Task to complete :: All of the entries must be reproduced exactly, with no images carried over.

Material provided ::
■ ■ ■
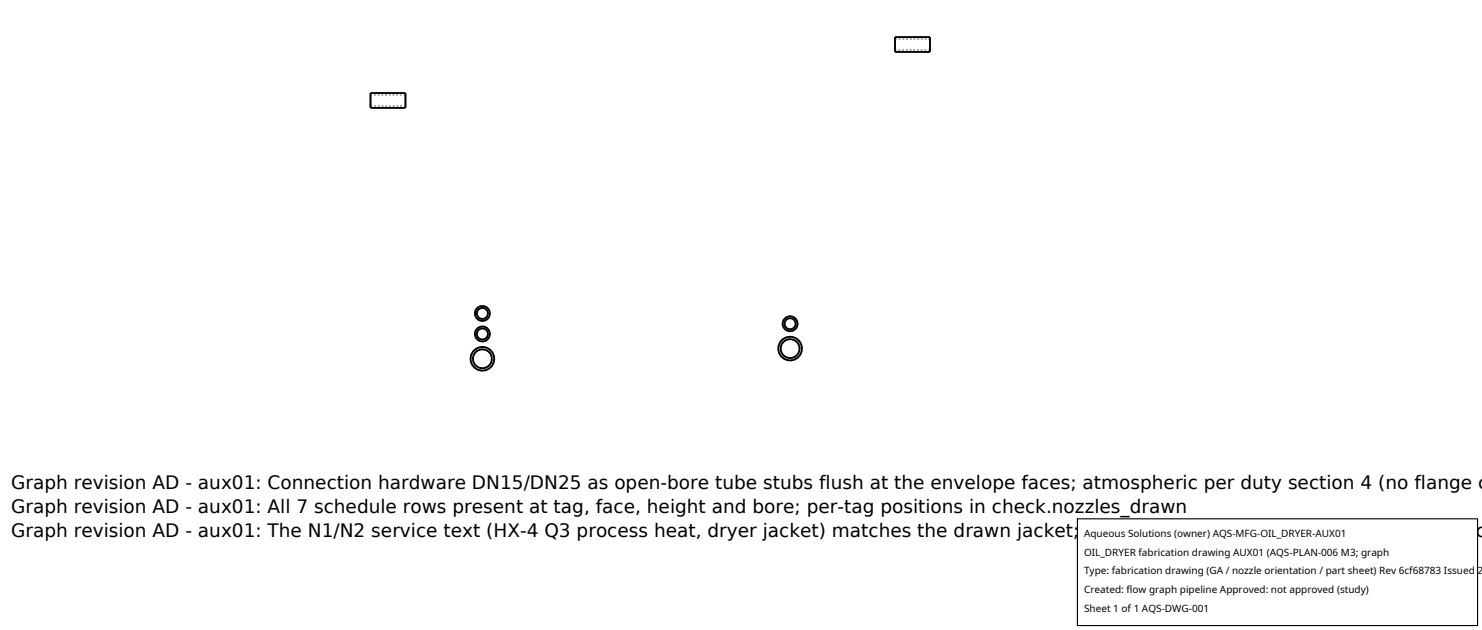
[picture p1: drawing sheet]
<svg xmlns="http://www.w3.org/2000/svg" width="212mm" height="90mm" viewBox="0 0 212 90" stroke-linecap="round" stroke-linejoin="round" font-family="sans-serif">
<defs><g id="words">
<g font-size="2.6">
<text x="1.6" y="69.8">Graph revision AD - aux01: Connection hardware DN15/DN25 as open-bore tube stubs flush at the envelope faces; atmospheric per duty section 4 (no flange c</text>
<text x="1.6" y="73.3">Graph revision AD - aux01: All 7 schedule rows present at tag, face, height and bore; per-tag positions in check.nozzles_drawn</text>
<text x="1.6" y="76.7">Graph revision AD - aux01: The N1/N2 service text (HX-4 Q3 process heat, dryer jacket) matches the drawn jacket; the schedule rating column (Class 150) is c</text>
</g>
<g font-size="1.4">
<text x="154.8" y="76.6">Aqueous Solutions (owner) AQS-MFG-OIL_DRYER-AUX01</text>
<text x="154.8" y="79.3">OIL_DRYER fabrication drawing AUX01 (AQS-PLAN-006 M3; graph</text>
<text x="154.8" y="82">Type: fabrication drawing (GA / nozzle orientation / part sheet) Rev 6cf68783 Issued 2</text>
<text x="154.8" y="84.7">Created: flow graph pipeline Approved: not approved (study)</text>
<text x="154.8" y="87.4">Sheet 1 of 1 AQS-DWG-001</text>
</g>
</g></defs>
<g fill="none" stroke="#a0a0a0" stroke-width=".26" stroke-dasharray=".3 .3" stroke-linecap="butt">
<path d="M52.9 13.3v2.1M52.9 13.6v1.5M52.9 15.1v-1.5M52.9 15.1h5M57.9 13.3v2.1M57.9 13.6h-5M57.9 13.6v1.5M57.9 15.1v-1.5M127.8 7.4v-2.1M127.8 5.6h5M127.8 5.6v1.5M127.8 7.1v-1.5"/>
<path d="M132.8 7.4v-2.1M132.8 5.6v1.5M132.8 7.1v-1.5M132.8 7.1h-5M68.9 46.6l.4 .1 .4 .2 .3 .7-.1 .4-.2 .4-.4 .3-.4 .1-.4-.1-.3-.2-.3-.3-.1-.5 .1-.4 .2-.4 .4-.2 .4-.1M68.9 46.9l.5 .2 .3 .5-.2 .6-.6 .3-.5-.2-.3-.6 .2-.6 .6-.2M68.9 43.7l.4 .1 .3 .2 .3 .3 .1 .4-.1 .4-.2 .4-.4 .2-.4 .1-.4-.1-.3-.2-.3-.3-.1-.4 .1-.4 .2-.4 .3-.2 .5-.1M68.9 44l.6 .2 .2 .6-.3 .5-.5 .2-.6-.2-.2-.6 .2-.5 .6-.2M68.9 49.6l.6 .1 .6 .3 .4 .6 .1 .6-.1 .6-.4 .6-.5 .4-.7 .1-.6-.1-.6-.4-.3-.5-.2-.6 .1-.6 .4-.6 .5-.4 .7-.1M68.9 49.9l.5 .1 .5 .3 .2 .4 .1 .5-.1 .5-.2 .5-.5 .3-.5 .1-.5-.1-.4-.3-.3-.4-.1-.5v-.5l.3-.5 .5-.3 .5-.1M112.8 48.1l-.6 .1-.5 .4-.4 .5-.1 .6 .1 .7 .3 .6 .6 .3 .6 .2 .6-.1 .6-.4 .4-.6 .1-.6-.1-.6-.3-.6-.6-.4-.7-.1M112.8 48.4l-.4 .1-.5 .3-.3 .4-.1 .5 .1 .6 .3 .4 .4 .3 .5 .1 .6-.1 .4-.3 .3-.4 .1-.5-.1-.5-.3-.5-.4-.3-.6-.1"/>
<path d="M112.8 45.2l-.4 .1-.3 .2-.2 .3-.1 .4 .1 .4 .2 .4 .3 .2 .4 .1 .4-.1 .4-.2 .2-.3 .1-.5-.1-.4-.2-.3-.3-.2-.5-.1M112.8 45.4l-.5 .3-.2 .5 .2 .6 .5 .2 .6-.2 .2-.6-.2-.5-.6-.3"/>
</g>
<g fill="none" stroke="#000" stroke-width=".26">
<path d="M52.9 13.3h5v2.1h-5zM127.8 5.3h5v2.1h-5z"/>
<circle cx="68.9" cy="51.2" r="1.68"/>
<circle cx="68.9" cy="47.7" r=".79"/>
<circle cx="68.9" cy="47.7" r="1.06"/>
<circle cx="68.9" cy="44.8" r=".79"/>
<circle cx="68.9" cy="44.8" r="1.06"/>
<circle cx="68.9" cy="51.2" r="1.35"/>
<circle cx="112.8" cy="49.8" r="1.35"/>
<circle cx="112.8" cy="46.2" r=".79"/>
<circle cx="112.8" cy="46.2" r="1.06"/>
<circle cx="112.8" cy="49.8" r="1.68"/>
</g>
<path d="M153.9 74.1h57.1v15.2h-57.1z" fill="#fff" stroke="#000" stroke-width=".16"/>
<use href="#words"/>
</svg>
■ ■ ■
Response to this exercise ::
[picture p1: drawing sheet]
<svg xmlns="http://www.w3.org/2000/svg" width="212mm" height="90mm" viewBox="0 0 212 90" stroke-linecap="round" stroke-linejoin="round" font-family="sans-serif">
<defs><g id="words">
<g font-size="2.6">
<text x="1.6" y="69.8">Graph revision AD - aux01: Connection hardware DN15/DN25 as open-bore tube stubs flush at the envelope faces; atmospheric per duty section 4 (no flange c</text>
<text x="1.6" y="73.3">Graph revision AD - aux01: All 7 schedule rows present at tag, face, height and bore; per-tag positions in check.nozzles_drawn</text>
<text x="1.6" y="76.7">Graph revision AD - aux01: The N1/N2 service text (HX-4 Q3 process heat, dryer jacket) matches the drawn jacket; the schedule rating column (Class 150) is c</text>
</g>
<g font-size="1.4">
<text x="154.8" y="76.6">Aqueous Solutions (owner) AQS-MFG-OIL_DRYER-AUX01</text>
<text x="154.8" y="79.3">OIL_DRYER fabrication drawing AUX01 (AQS-PLAN-006 M3; graph</text>
<text x="154.8" y="82">Type: fabrication drawing (GA / nozzle orientation / part sheet) Rev 6cf68783 Issued 2</text>
<text x="154.8" y="84.7">Created: flow graph pipeline Approved: not approved (study)</text>
<text x="154.8" y="87.4">Sheet 1 of 1 AQS-DWG-001</text>
</g>
</g></defs>
<g fill="none" stroke="#a0a0a0" stroke-width=".26" stroke-dasharray=".3 .3" stroke-linecap="butt">
<path d="M52.9 13.3v2.1M52.9 13.6v1.5M52.9 15.1v-1.5M52.9 15.1h5M57.9 13.3v2.1M57.9 13.6h-5M57.9 13.6v1.5M57.9 15.1v-1.5M127.8 7.4v-2.1M127.8 5.6h5M127.8 5.6v1.5M127.8 7.1v-1.5"/>
<path d="M132.8 7.4v-2.1M132.8 5.6v1.5M132.8 7.1v-1.5M132.8 7.1h-5M68.9 46.6l.4 .1 .4 .2 .3 .7-.1 .4-.2 .4-.4 .3-.4 .1-.4-.1-.3-.2-.3-.3-.1-.5 .1-.4 .2-.4 .4-.2 .4-.1M68.9 46.9l.5 .2 .3 .5-.2 .6-.6 .3-.5-.2-.3-.6 .2-.6 .6-.2M68.9 43.7l.4 .1 .3 .2 .3 .3 .1 .4-.1 .4-.2 .4-.4 .2-.4 .1-.4-.1-.3-.2-.3-.3-.1-.4 .1-.4 .2-.4 .3-.2 .5-.1M68.9 44l.6 .2 .2 .6-.3 .5-.5 .2-.6-.2-.2-.6 .2-.5 .6-.2M68.9 49.6l.6 .1 .6 .3 .4 .6 .1 .6-.1 .6-.4 .6-.5 .4-.7 .1-.6-.1-.6-.4-.3-.5-.2-.6 .1-.6 .4-.6 .5-.4 .7-.1M68.9 49.9l.5 .1 .5 .3 .2 .4 .1 .5-.1 .5-.2 .5-.5 .3-.5 .1-.5-.1-.4-.3-.3-.4-.1-.5v-.5l.3-.5 .5-.3 .5-.1M112.8 48.1l-.6 .1-.5 .4-.4 .5-.1 .6 .1 .7 .3 .6 .6 .3 .6 .2 .6-.1 .6-.4 .4-.6 .1-.6-.1-.6-.3-.6-.6-.4-.7-.1M112.8 48.4l-.4 .1-.5 .3-.3 .4-.1 .5 .1 .6 .3 .4 .4 .3 .5 .1 .6-.1 .4-.3 .3-.4 .1-.5-.1-.5-.3-.5-.4-.3-.6-.1"/>
<path d="M112.8 45.2l-.4 .1-.3 .2-.2 .3-.1 .4 .1 .4 .2 .4 .3 .2 .4 .1 .4-.1 .4-.2 .2-.3 .1-.5-.1-.4-.2-.3-.3-.2-.5-.1M112.8 45.4l-.5 .3-.2 .5 .2 .6 .5 .2 .6-.2 .2-.6-.2-.5-.6-.3"/>
</g>
<g fill="none" stroke="#000" stroke-width=".26">
<path d="M52.9 13.3h5v2.1h-5zM127.8 5.3h5v2.1h-5z"/>
<circle cx="68.9" cy="51.2" r="1.68"/>
<circle cx="68.9" cy="47.7" r=".79"/>
<circle cx="68.9" cy="47.7" r="1.06"/>
<circle cx="68.9" cy="44.8" r=".79"/>
<circle cx="68.9" cy="44.8" r="1.06"/>
<circle cx="68.9" cy="51.2" r="1.35"/>
<circle cx="112.8" cy="49.8" r="1.35"/>
<circle cx="112.8" cy="46.2" r=".79"/>
<circle cx="112.8" cy="46.2" r="1.06"/>
<circle cx="112.8" cy="49.8" r="1.68"/>
</g>
<path d="M153.9 74.1h57.1v15.2h-57.1z" fill="#fff" stroke="#000" stroke-width=".16"/>
<use href="#words"/>
</svg>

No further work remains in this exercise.